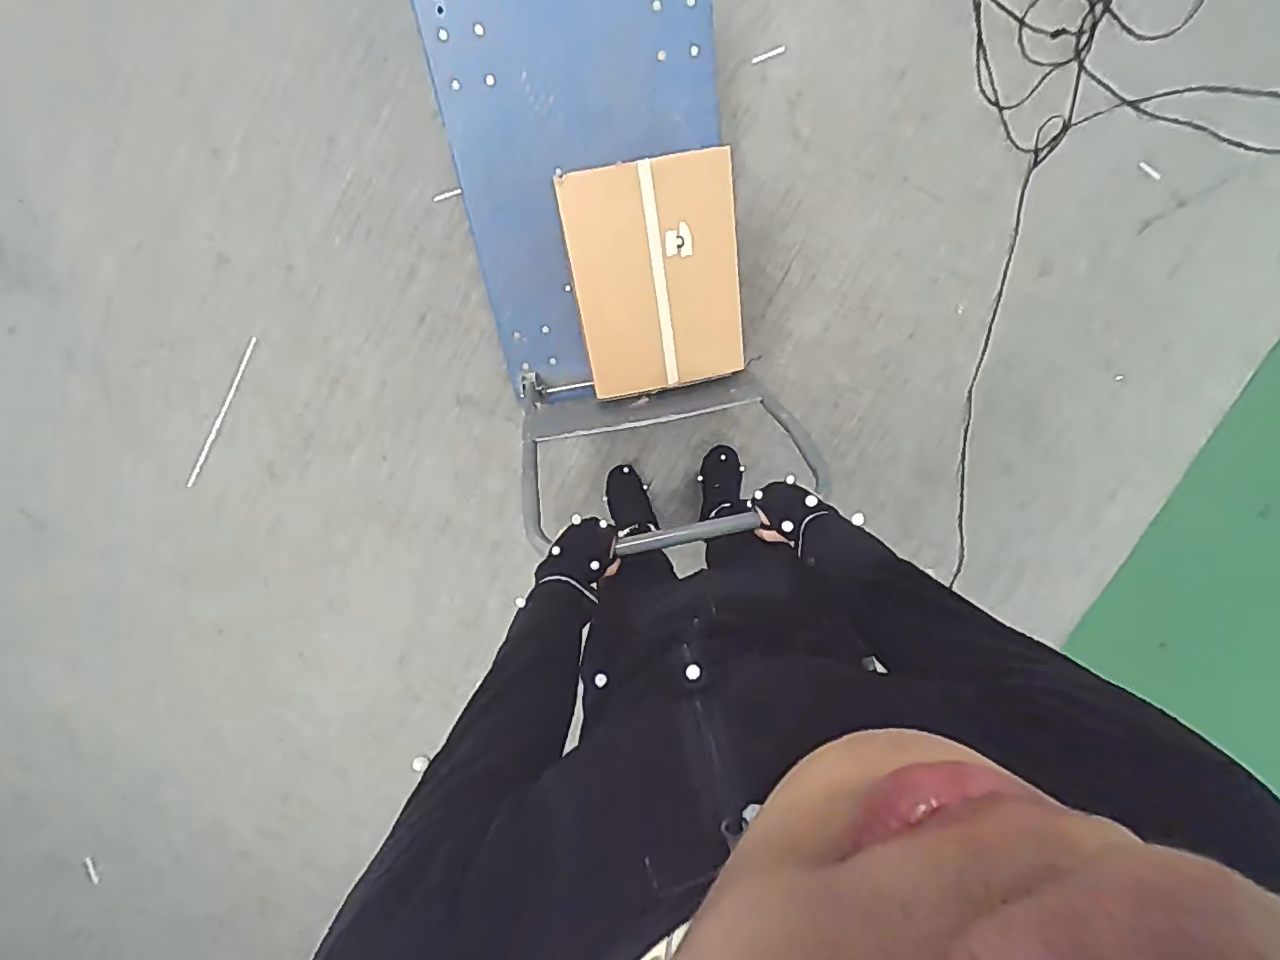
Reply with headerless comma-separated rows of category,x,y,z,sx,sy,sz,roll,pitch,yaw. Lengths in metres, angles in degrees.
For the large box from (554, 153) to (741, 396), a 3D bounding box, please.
large box,0.011,-0.440,1.174,0.320,0.320,0.408,-12,117,-4

——

#### TASK GOAL
Omitting all pictures, set the listing down exactly.

#### OUTPUT
Reply with headerless comma-separated rows of category,x,y,z,sx,sy,sz,roll,pitch,yaw. Lengths in metres, angles in degrees.
For the large box from (554, 153) to (741, 396), a 3D bounding box, please.
large box,0.011,-0.440,1.174,0.320,0.320,0.408,-12,117,-4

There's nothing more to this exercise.